联邦配置的关键是首先匹配通过 Istio 部署的 Prometheus 中收集 Istio 标准指标的 job。并且将收集到的指标重命名，方法为去除负载等级记录规则命名前缀 (workload:)。这使得现有的仪表盘以及引用能够无缝地针对生产用 Prometheus 继续工作 (并且不在指向 Istio 实例)。

您可以在设置联邦时包含额外的指标(例如 envoy, go 等)。

控制面指标也被生产用 Prometheus 收集并联邦。

Optimizing metrics collection with recording rules

除了使用记录规则在 pod 和实例等级聚合，您也许想要使用记录规则为您现有的仪表盘以及告警专门生成聚合指标。这方面针对收集的优化可以很大的节约您 Prometheus 生产实例的资源消耗，同时加速了引用性能。

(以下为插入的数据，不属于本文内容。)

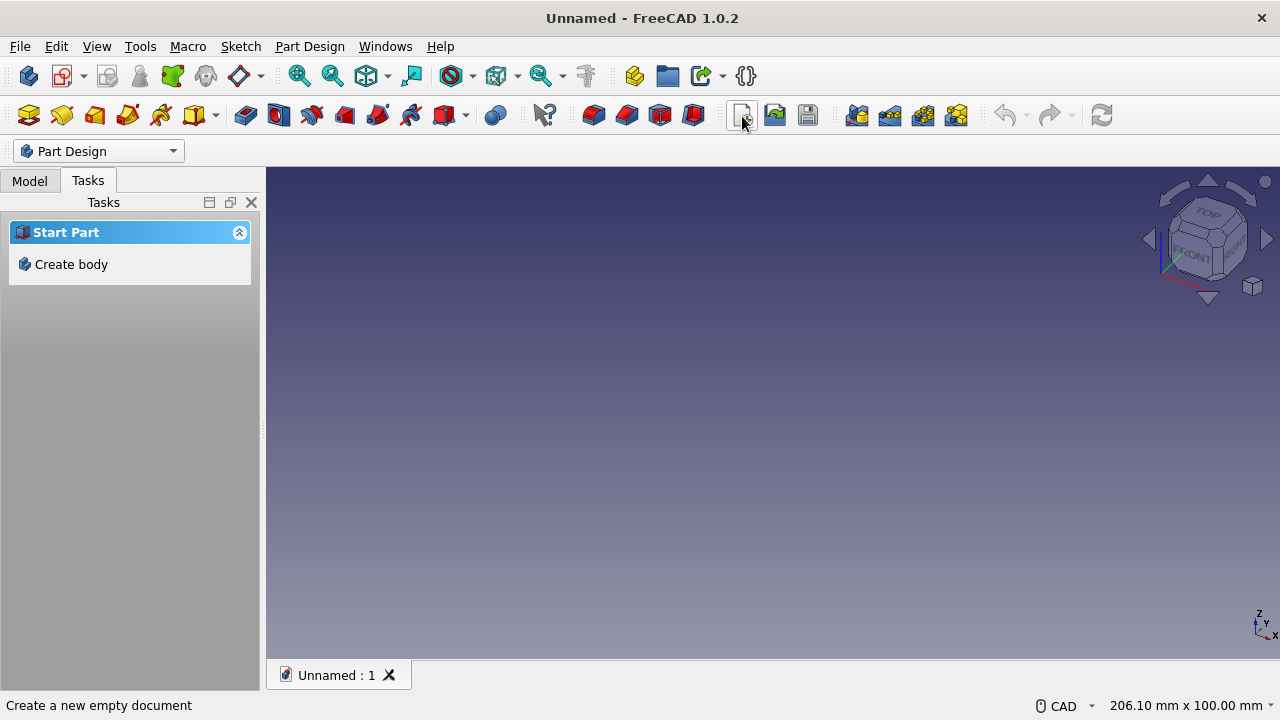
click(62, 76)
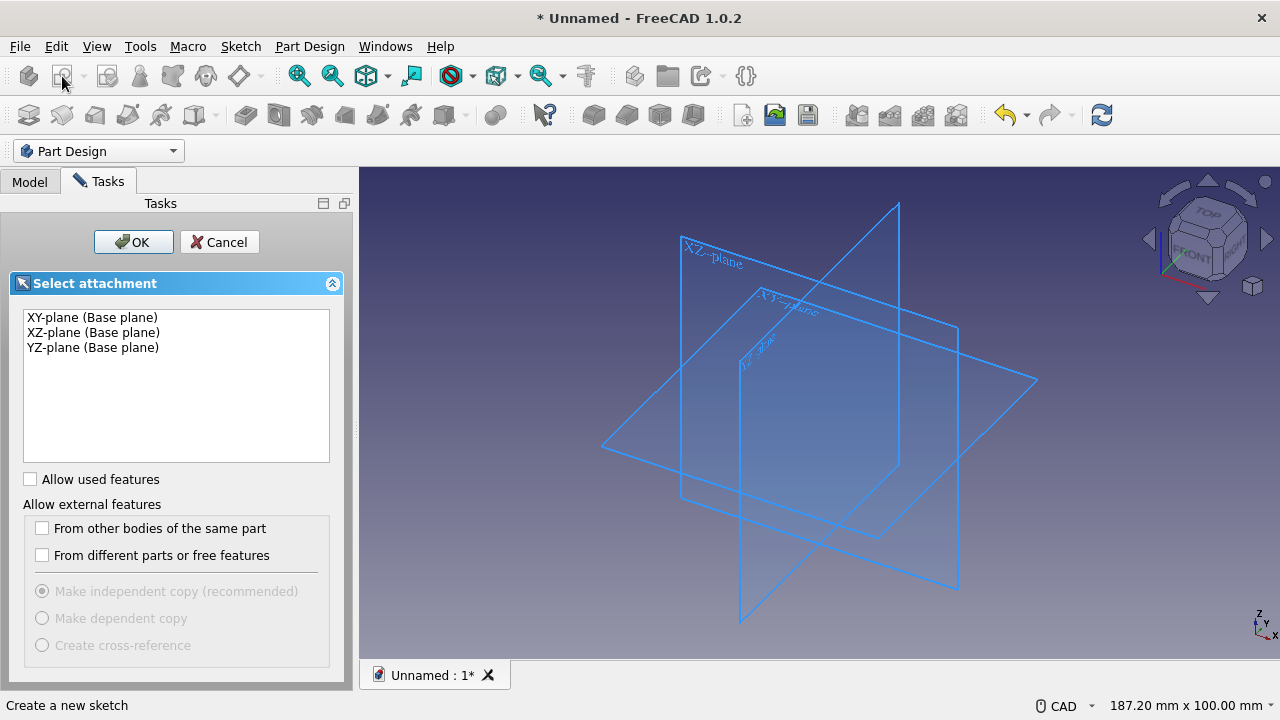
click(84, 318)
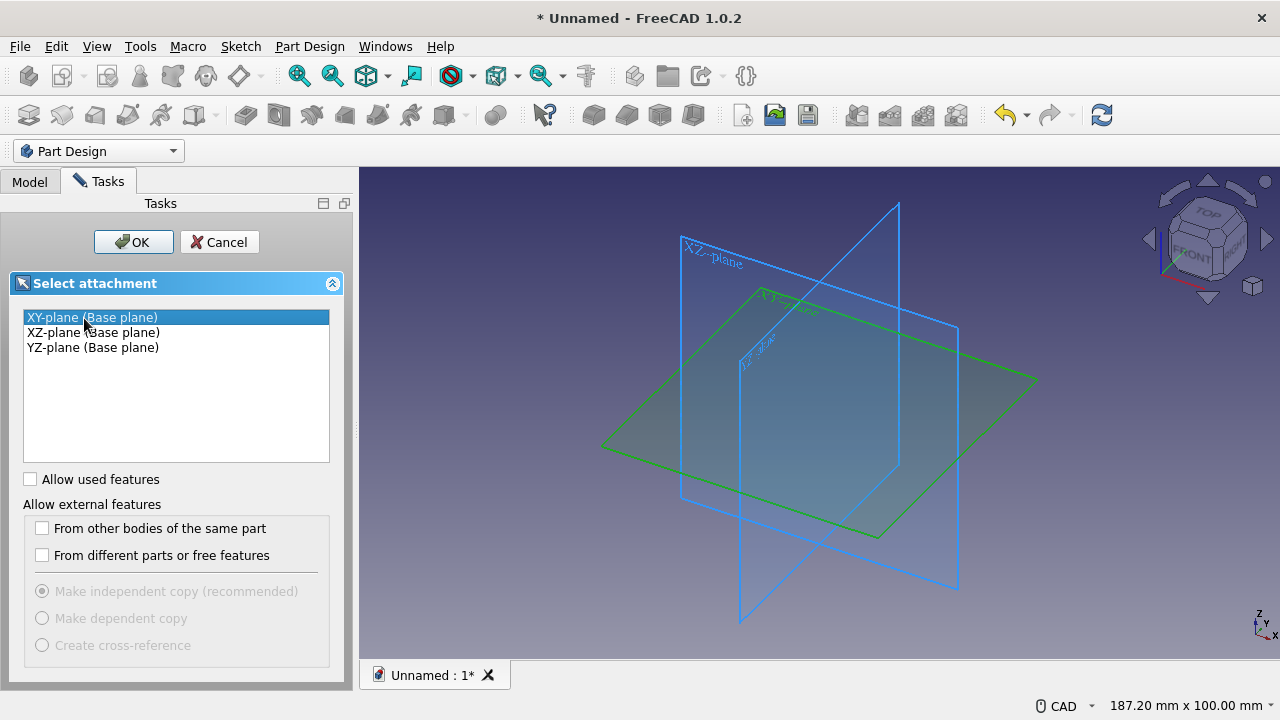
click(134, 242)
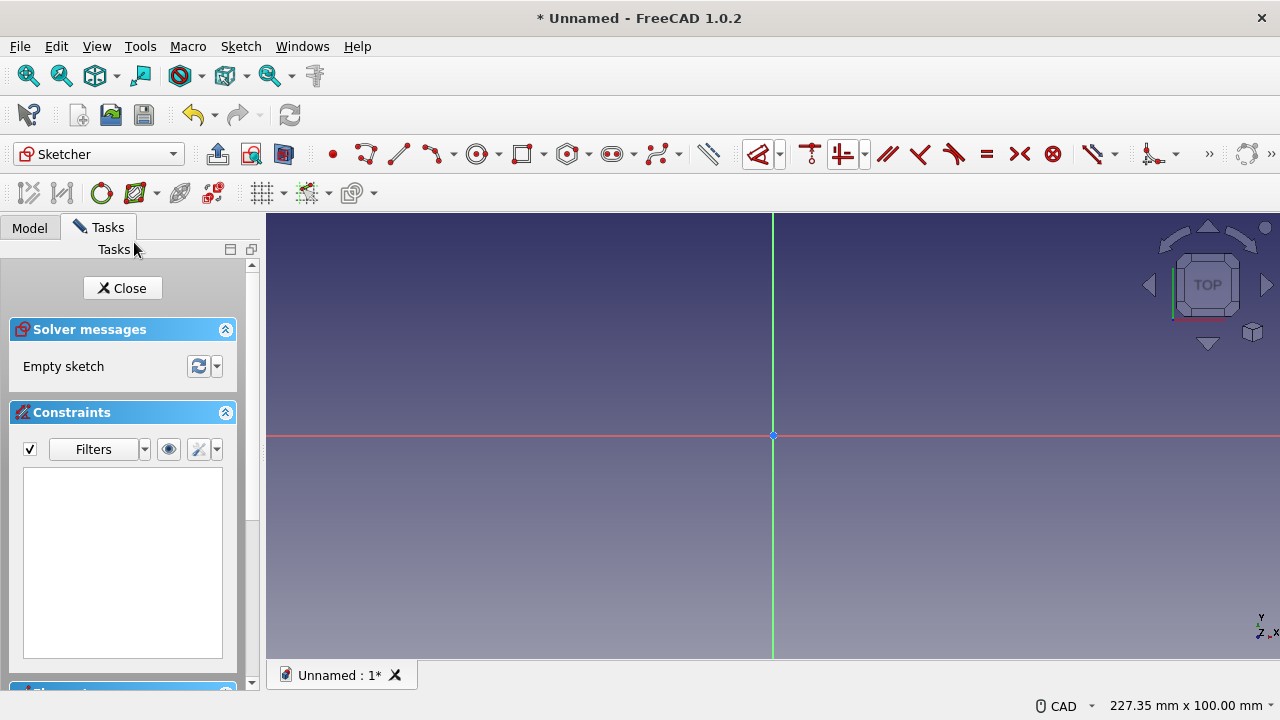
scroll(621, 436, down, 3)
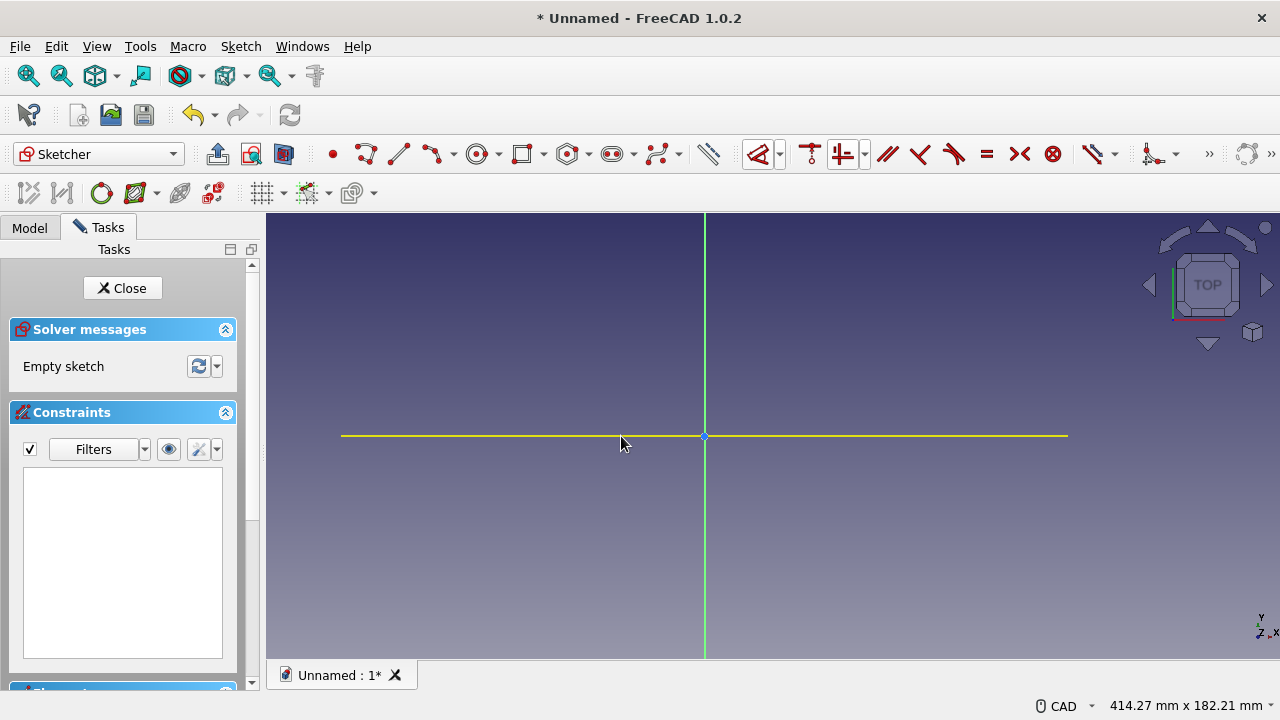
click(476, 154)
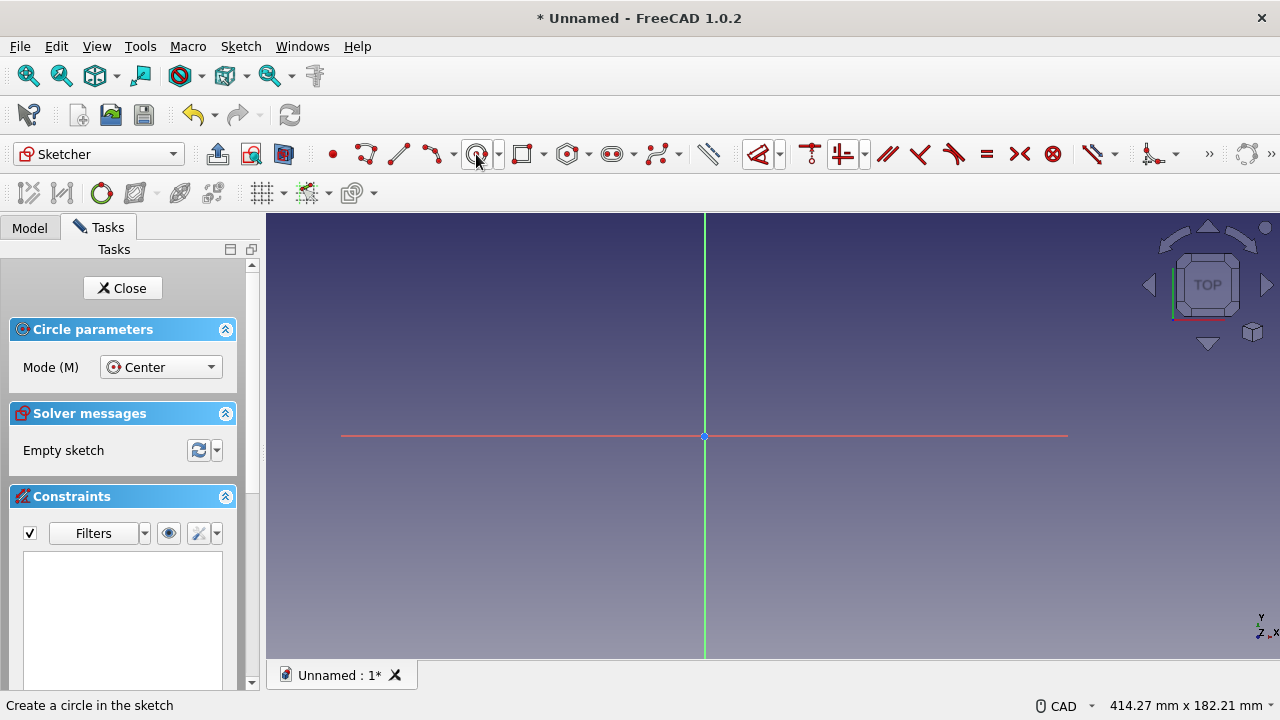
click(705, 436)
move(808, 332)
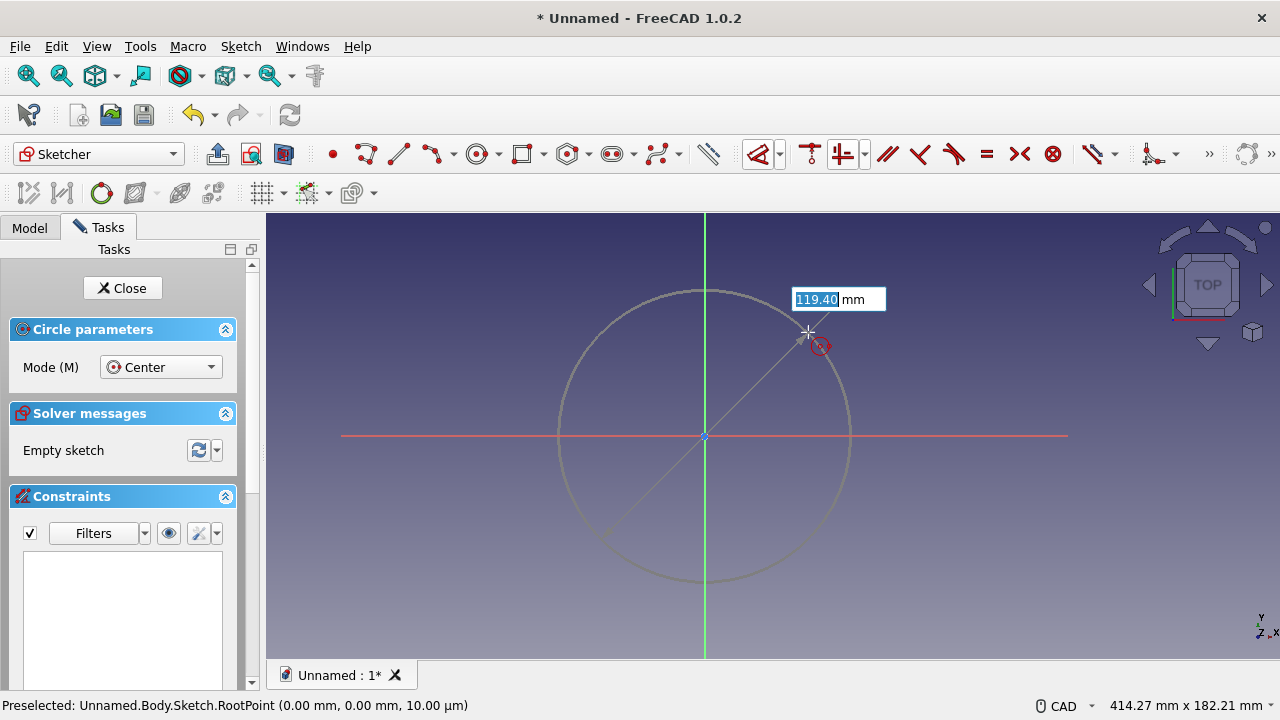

例如，假设一个监控仪表盘使用以下 Prometheus 引用：

请求速率在过去 1 分钟的平均值，并按照目的服务以及命名空间聚合

sum(irate(istio_requests_total{reporter="source"}[1m]))
by (
    destination_canonical_service,
    destination_workload_namespace
)

P95 客户端延迟在过去 1 分钟的平均值，并按照来源，目的服务以及命名空间聚合

histogram_quantile(0.95,
  sum(irate(istio_request_duration_milliseconds_bucket{reporter="source"}[1m]))
  by (
    destination_canonical_service,
    destination_workload_namespace,
    source_canonical_service,
    source_workload_namespace,
    le
  )
)

以下记录规则可以加至 Istio Prometheus 配置中，使用 istio 前缀来使得联邦更容易识别这些指标。

groups:
- name: "istio.recording-rules"
  interval: 5s
  rules:
  - record: "istio:istio_requests:by_destination_service:rate1m"
    expr: |
      sum(irate(istio_requests_total{reporter="destination"}[1m]))
      by (
        destination_canonical_service,
        destination_workload_namespace
      )
  - record: "istio:istio_request_duration_milliseconds_bucket:p95:rate1m"
    expr: |
      histogram_quantile(0.95,
        sum(irate(istio_request_duration_milliseconds_bucket{reporter="source"}[1m]))
        by (
          destination_canonical_service,
          destination_workload_namespace,
          source_canonical_service,
          source_workload_namespace,
          le
        )
      )

Prometheus 生产实例可以从 Istio 实例那里得到的信息更新联邦：

匹配字句 {__name__=~"istio:(.*)"}
重新将指标标签为： regex: "istio:(.*)"

原始引用被替代为：

istio_requests:by_destination_service:rate1m
avg(istio_request_duration_milliseconds_bucket:p95:rate1m)

更详细的关于 AutoTrader 上生产环境指标收集优化的文章提供了更丰富的例子来描述如何直接对引用聚合从而赋能仪表盘以及告警。